Kondisi ini membuat mereka tidak tenang bekerja di perantauan. Anak mereka juga masih trauma dan takut pergi ke sekolah, terutama karena harus melewati rumah pelaku yang juga merupakan tempat kejadian pelecehan.
Pendamping YESMA, Yurni Somalinggi, turut menambahkan bahwa pihak kepolisian seolah tidak serius dalam menangani kasus ini.
"Sampai sekarang pelaku belum ditangkap, sementara korban masih trauma dan takut untuk pergi ke sekolah," ungkap Yurni.

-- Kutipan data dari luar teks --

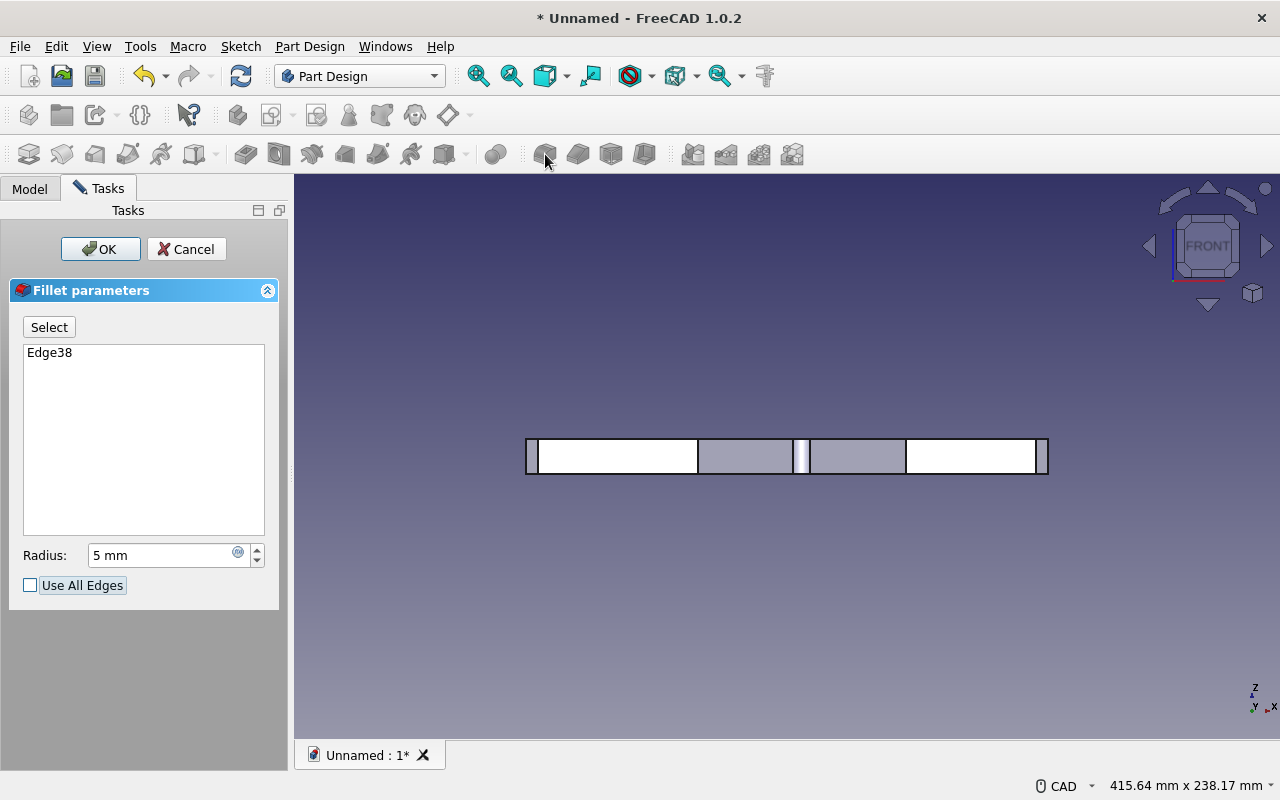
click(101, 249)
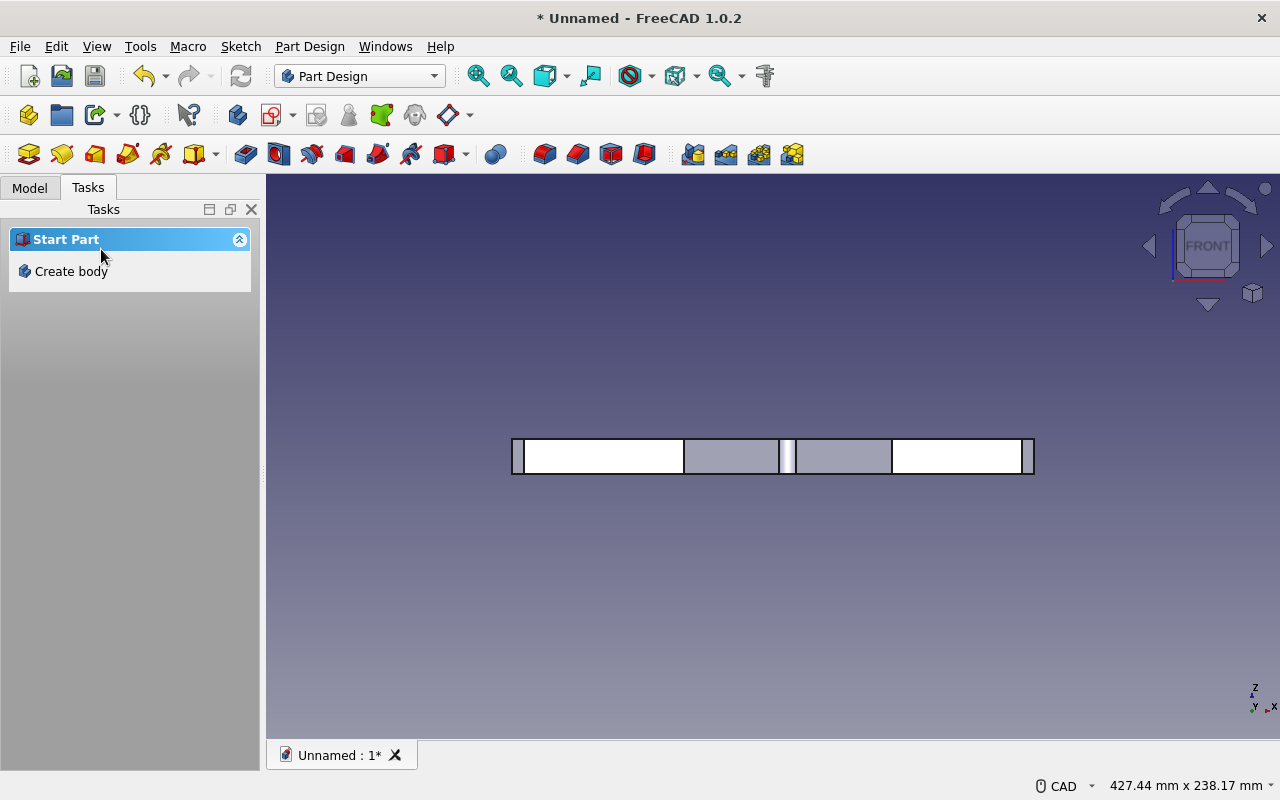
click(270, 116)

Keluarga korban semakin resah, hingga orang tua korban harus kembali dari luar daerah untuk terus mempertanyakan perkembangan kasus ini dan meredam kekhawatiran keluarga besar yang merasa gelisah karena tersangka belum juga diamankan.
Sementara itu, Kepala Unit Pelayanan Perempuan dan Anak (PPA) Polres Torut, Anton Lembang, menjelaskan bahwa kasus ini telah dilaporkan sejak 16 Juli 2024. Setelah memeriksa saksi, mendatangi tempat kejadian perkara (TKP), dan mengumpulkan barang bukti, penyidik telah menetapkan pelaku sebagai tersangka.
Namun, hingga kini pelaku melarikan diri dan belum diketahui keberadaannya. Anton menegaskan bahwa pelaku telah dimasukkan dalam Daftar Pencarian Orang (DPO) oleh Polres Torut, dan pihaknya akan terus berupaya mencari serta menangkap pelaku.
"Setelah menerima laporan, kami memeriksa saksi, mendatangi TKP, dan mengumpulkan barang bukti. Setelah bukti mencukupi, kami meningkatkan status kasus menjadi penyidikan. Namun, pelaku melarikan diri, dan kami terus melakukan pencarian," jelas Anton.
Pelaku akan dijerat dengan Pasal 82 Ayat 1 Undang-Undang Republik Indonesia Nomor 17 Tahun 2016 tentang Perlindungan Anak, dengan ancaman hukuman penjara minimal 5 tahun dan maksimal 15 tahun. (Cherly)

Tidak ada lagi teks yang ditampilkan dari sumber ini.